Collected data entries
+ + + + + + +

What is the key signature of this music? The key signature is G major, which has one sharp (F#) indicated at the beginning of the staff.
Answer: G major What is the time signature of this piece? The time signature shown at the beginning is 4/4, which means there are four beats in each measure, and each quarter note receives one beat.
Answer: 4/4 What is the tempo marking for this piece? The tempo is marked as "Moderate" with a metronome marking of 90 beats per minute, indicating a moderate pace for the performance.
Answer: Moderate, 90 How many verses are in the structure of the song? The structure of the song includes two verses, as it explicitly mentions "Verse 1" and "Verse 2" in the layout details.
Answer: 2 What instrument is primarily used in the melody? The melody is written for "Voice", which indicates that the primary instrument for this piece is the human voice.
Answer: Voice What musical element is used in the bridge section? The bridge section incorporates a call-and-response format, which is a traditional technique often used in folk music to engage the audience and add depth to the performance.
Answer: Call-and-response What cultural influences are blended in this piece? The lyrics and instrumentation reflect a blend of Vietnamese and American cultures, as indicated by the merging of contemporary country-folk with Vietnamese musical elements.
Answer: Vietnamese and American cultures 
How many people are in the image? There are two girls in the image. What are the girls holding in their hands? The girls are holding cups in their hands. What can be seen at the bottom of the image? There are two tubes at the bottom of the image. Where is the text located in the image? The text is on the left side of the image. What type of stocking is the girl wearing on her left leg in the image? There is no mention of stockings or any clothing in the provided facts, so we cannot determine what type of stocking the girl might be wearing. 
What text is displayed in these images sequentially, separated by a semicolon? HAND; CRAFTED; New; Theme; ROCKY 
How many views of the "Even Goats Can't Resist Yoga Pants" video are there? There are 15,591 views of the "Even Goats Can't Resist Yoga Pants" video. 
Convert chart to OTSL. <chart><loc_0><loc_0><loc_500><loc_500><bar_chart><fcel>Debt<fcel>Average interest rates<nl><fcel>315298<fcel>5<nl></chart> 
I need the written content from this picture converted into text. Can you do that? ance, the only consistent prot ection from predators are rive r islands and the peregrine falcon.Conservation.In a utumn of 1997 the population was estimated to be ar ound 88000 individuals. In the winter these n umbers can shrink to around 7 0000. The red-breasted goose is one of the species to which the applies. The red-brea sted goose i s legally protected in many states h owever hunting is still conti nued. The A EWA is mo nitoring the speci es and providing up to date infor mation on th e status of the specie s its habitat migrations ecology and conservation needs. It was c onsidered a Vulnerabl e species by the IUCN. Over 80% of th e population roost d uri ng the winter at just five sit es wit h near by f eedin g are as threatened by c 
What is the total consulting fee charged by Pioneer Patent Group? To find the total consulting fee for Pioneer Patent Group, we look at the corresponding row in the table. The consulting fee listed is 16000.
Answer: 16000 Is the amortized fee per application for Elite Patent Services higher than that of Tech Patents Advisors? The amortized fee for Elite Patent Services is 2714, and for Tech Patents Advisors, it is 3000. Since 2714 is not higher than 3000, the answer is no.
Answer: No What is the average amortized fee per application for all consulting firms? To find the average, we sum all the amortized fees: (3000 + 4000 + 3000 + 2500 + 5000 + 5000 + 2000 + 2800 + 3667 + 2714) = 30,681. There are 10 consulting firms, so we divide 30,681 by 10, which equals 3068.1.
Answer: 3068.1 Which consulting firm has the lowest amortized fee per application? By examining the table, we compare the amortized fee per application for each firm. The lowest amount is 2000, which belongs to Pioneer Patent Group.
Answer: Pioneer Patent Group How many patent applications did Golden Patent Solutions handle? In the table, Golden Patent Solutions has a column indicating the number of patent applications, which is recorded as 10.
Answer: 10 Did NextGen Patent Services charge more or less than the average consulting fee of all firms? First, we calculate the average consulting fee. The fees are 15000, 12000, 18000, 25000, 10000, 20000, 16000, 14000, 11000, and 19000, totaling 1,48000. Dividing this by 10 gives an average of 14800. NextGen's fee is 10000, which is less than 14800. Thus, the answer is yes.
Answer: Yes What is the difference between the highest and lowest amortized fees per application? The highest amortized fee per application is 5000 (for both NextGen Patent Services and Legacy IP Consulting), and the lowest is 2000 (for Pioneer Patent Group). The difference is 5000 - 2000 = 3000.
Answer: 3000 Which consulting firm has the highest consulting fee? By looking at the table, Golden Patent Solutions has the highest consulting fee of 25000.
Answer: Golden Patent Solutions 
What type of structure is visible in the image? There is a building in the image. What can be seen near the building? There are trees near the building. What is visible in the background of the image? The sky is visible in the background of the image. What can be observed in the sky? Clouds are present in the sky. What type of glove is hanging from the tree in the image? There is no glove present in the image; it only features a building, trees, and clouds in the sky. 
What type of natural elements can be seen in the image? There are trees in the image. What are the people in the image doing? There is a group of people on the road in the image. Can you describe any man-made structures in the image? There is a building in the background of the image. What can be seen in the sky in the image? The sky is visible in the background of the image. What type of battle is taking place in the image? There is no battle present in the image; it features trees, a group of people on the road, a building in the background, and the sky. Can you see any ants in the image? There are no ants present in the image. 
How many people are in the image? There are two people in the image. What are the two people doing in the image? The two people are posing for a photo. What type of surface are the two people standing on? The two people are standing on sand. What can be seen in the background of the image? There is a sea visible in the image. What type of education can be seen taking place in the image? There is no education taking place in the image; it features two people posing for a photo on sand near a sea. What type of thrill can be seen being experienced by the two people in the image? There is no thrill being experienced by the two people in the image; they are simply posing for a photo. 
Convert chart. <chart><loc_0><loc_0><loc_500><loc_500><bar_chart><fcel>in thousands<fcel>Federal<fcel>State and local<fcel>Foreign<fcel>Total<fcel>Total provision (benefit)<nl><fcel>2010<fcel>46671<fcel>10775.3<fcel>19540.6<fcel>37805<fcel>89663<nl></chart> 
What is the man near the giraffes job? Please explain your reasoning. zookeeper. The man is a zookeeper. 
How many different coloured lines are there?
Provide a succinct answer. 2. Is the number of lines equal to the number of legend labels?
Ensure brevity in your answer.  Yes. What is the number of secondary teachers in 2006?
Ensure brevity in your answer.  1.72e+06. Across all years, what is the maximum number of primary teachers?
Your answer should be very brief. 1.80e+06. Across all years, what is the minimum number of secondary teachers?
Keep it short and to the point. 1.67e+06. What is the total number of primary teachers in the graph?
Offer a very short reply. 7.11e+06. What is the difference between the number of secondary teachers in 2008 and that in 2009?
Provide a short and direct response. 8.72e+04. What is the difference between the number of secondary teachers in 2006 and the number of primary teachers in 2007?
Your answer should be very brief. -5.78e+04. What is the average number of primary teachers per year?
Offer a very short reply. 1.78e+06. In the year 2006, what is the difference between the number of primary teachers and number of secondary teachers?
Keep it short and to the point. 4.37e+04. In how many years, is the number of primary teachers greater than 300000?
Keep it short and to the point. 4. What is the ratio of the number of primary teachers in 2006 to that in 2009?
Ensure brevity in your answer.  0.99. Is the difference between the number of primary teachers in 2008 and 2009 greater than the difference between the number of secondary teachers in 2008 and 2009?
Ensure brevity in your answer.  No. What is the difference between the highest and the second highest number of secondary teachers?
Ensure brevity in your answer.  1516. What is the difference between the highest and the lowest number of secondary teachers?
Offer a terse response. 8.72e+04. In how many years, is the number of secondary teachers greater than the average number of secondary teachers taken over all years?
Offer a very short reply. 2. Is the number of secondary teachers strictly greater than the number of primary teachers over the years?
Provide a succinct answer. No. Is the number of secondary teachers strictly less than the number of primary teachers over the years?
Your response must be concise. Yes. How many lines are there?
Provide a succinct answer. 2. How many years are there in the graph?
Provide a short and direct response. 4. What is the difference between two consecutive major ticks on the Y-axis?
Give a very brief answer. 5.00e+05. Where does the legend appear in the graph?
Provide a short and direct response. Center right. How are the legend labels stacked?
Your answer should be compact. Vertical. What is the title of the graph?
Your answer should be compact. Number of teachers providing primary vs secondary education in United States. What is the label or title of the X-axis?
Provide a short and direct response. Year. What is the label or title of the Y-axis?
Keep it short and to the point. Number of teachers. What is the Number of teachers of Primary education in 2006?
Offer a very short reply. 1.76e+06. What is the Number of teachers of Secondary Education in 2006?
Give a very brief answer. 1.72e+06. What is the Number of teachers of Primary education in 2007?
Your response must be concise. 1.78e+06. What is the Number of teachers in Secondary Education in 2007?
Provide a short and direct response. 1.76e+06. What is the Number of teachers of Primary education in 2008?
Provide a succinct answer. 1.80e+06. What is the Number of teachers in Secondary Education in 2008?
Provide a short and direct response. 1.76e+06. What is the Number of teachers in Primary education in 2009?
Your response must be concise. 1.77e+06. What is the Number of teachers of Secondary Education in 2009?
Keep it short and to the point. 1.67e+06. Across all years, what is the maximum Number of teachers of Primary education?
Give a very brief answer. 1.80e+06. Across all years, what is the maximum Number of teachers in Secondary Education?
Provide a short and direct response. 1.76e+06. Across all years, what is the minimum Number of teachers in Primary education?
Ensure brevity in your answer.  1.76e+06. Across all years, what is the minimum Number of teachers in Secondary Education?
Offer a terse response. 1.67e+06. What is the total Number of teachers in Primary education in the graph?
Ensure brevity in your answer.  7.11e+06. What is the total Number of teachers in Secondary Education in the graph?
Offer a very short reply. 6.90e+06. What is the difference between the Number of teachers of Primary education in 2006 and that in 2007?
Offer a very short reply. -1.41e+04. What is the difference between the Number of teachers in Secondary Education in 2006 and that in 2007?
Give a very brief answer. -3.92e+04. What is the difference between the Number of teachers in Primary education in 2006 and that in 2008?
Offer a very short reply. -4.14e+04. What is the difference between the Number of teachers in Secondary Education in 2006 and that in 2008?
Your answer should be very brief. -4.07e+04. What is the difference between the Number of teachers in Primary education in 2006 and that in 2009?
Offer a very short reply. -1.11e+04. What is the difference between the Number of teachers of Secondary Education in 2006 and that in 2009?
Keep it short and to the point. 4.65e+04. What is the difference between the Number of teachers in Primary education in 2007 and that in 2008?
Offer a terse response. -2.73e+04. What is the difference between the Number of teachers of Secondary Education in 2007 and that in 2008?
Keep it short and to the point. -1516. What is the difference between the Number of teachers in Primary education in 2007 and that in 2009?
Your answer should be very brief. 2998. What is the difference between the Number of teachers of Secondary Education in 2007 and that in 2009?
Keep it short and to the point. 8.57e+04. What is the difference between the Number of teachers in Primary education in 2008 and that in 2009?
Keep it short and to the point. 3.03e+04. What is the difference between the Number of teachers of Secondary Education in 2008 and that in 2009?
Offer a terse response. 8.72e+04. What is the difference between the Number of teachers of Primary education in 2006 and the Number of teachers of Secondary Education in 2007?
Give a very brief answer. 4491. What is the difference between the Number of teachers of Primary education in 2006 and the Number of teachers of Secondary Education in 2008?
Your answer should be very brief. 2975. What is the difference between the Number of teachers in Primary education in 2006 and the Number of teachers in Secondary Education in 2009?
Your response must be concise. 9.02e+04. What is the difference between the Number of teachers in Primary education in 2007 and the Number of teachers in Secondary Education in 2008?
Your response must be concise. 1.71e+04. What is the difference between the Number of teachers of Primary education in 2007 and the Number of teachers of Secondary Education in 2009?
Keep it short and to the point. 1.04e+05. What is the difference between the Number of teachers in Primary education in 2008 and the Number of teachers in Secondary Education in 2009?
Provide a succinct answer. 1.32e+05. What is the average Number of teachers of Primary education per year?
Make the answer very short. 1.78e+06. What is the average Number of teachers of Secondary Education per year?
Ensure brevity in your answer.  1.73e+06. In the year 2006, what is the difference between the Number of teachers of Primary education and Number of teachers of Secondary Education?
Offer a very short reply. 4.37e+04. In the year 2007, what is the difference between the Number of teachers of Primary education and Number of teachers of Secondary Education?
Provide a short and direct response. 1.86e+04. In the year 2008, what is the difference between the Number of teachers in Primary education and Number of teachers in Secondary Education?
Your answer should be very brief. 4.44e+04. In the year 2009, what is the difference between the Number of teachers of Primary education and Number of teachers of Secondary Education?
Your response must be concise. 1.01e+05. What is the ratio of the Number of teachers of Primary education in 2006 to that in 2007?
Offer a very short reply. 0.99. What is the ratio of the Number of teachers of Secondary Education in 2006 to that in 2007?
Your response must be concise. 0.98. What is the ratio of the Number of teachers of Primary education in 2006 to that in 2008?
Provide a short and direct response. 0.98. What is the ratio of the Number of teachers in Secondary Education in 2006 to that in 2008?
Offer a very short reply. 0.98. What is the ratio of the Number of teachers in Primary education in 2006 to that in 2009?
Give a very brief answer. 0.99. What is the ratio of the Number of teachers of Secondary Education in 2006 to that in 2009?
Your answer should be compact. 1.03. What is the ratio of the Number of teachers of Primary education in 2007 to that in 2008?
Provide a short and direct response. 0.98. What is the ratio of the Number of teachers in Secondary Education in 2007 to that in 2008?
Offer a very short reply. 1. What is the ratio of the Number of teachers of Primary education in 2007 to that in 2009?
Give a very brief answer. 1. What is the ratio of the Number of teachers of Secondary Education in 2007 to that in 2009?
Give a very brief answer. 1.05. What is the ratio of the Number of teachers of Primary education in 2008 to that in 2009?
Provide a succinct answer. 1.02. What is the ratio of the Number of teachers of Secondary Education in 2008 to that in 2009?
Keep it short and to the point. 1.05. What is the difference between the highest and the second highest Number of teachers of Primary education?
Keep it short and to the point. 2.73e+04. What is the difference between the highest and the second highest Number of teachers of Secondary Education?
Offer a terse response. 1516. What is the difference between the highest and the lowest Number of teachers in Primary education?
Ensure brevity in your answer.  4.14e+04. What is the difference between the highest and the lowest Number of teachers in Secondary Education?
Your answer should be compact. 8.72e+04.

+ + + + + + +

State how many lines of the records above contain "compact", with no words besides the number.

4